On Wizardly Prophets
and Prophetic Wizards
A review of The Wizard and The Prophet by Charles Mann
By Ted Nordhaus
Charles Mann is the rarest of science journalists, one who manages to not only characterize but also advance the science he writes about. His latest tome takes on a subject familiar to many: the ancient feud between wizards, those who believe that the world’s growing population and affluence can be accommodated through the wise application of technology, and prophets, those who believe that lacking significant downscaling of human numbers and appetites, we are doomed.
Mann is relentlessly even-handed. He credits prophets for having opened our eyes to the consequences that modernization and industrialization have wreaked upon the natural world and the risks that continuing unreflective development might pose to human societies in the future, while not mincing words about the many decades of apocalyptic forecasts that have serially failed to materialize. He similarly recognizes the extraordinary accomplishments of twentieth-century wizards while reminding his readers of the many ways in which their visions of abundant futures have yet to be fully realized.

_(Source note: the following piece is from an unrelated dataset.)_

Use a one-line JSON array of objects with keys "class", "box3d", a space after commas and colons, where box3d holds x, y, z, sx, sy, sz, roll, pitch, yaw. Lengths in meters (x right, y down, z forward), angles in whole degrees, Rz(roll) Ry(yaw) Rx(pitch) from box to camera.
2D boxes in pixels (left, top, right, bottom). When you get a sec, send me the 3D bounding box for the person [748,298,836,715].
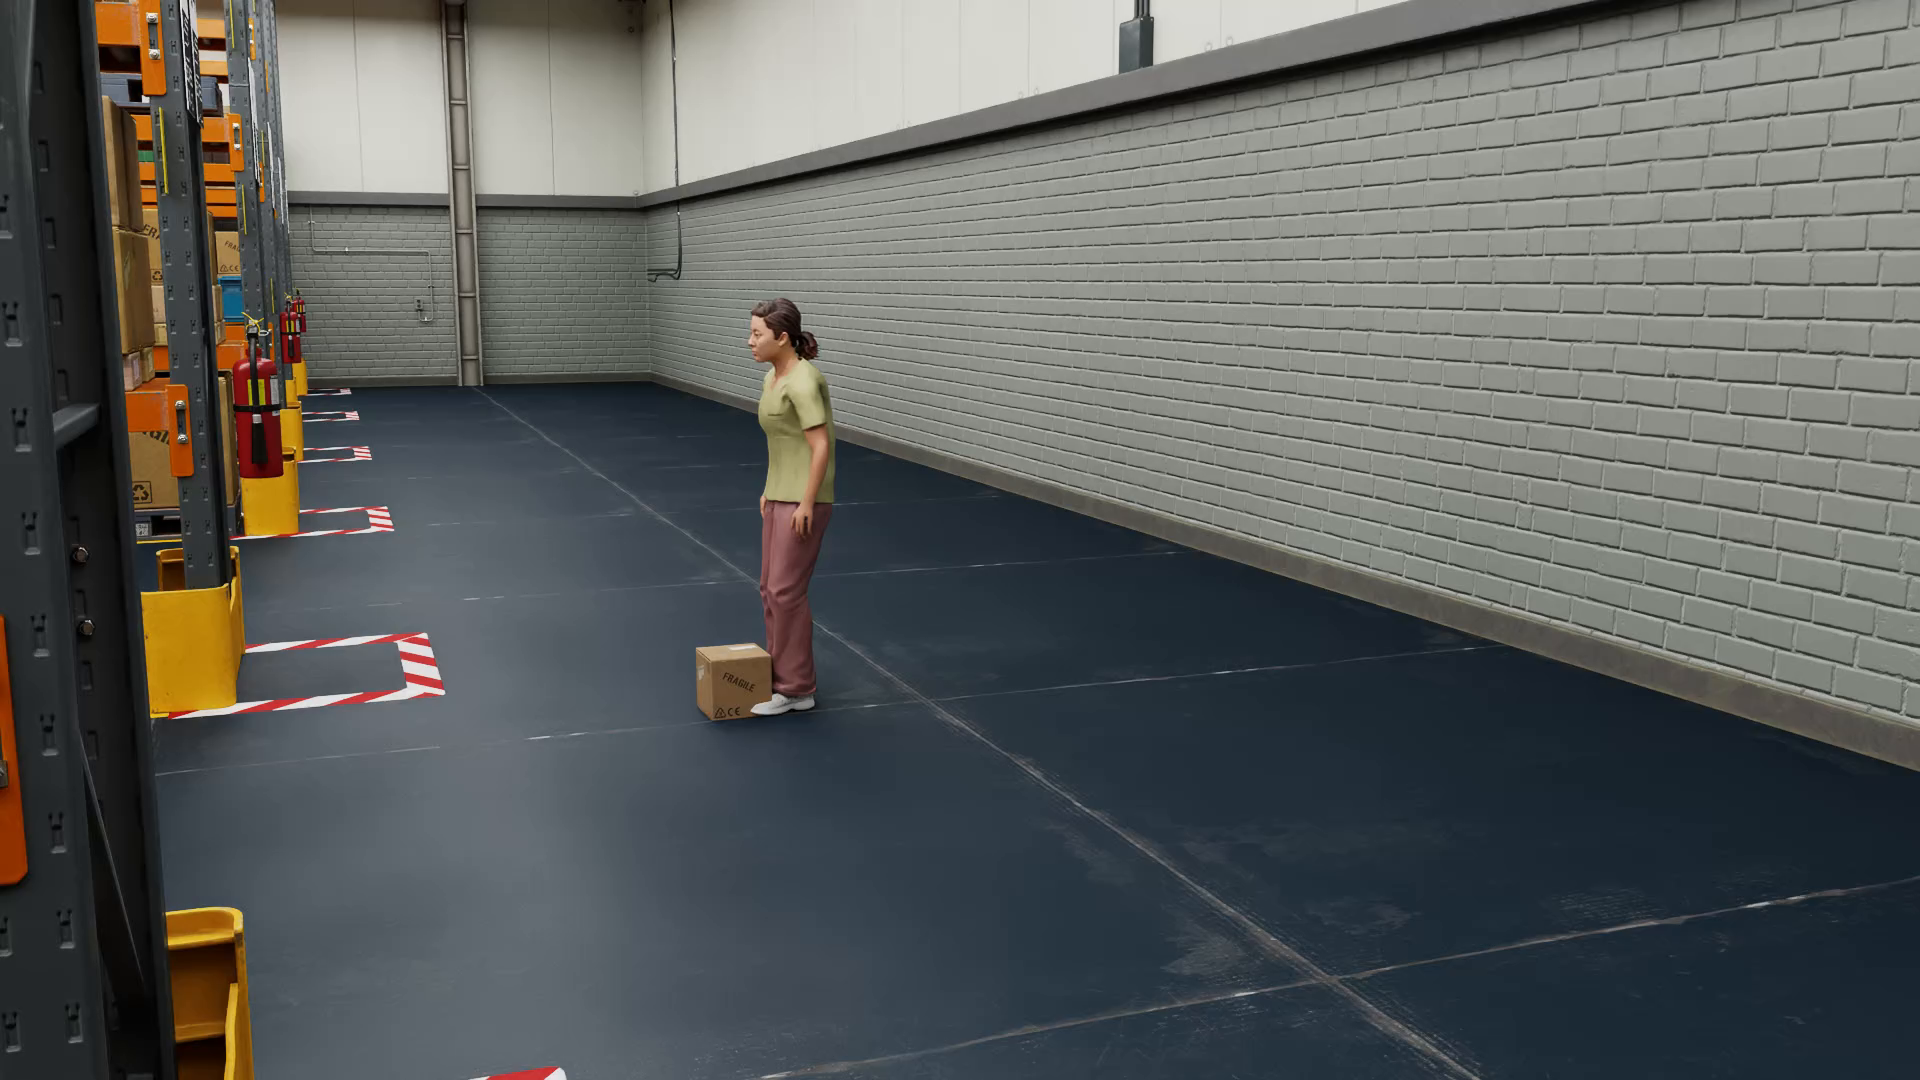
[{"class": "person", "box3d": [-0.718, -0.139, 6.746, 0.407, 1.673, 0.517, -4, 10, -23]}]

It is always easier to caricature one’s nemesis than grapple with the limitations of one’s own agenda.
If there is a weakness in his approach, it is the weakness that comes with any binary treatment of a complicated subject. The prophet of the title, William Vogt, a mostly forgotten mid-century ecologist whose best-selling jeremiad Road to Survival created a minor sensation in the late 1940s and prefigured books such as The Population Bomb and The Limits to Growth in the 1960s and 1970s, mostly plays to type. Vogt committed suicide in the late 1960s, despairing that his warnings had not been heeded.
But the wizard, Norman Borlaug, the great agronomist and Nobel recipient who is widely revered as the father of the green revolution, was no cornucopian. Born and raised in poverty on a small Iowa farm, Borlaug knew firsthand how difficult it was to scrape sustenance from the land. “The green revolution,” Borlaug acknowledged in his Nobel lecture, “has not transformed the world into Utopia. None are more keenly aware of its limitations than those who started it and fought for its success.”
Nor was he sanguine about the challenge of raising food production sufficiently to keep up with continuing population growth. “The frightening power of human reproduction must also be curbed,” he warned his audience, “otherwise the success of the green revolution will be ephemeral.” And his description of growing cities in the developing world, “the grotesque concentration of human beings into the poisoned and clangorous environment of pathologically hypertrophied megalopolis” would not have been out of place in Paul Ehrlich’s The Population Bomb.
While neo-Malthusian predictions of overpopulation and resource scarcity have mostly gone out of fashion, most wizards I know worry tremendously about climate change and many further global ecological threats. More often than not, prophets these days, too, turn out to be rather enamored of technology. Yes, many still warn about the folly of relying too heavily upon the technological fix. But those warnings are almost always followed by a long list of ideologically approved technological solutions—solar panels and wind turbines, hermetically sealed zero-energy homes, electric vehicles and high-speed trains, anaerobic digesters and biochar.
There are still deep disagreements that transcend the rhetorical. Prophets pair great faith in bureaucratic capabilities to regulate human social and economic activities in centralized fashion with great skepticism about technocratic capabilities to deploy and responsibly manage technology. Wizards are prone to deploy their faith and skepticism in precisely the opposite pattern.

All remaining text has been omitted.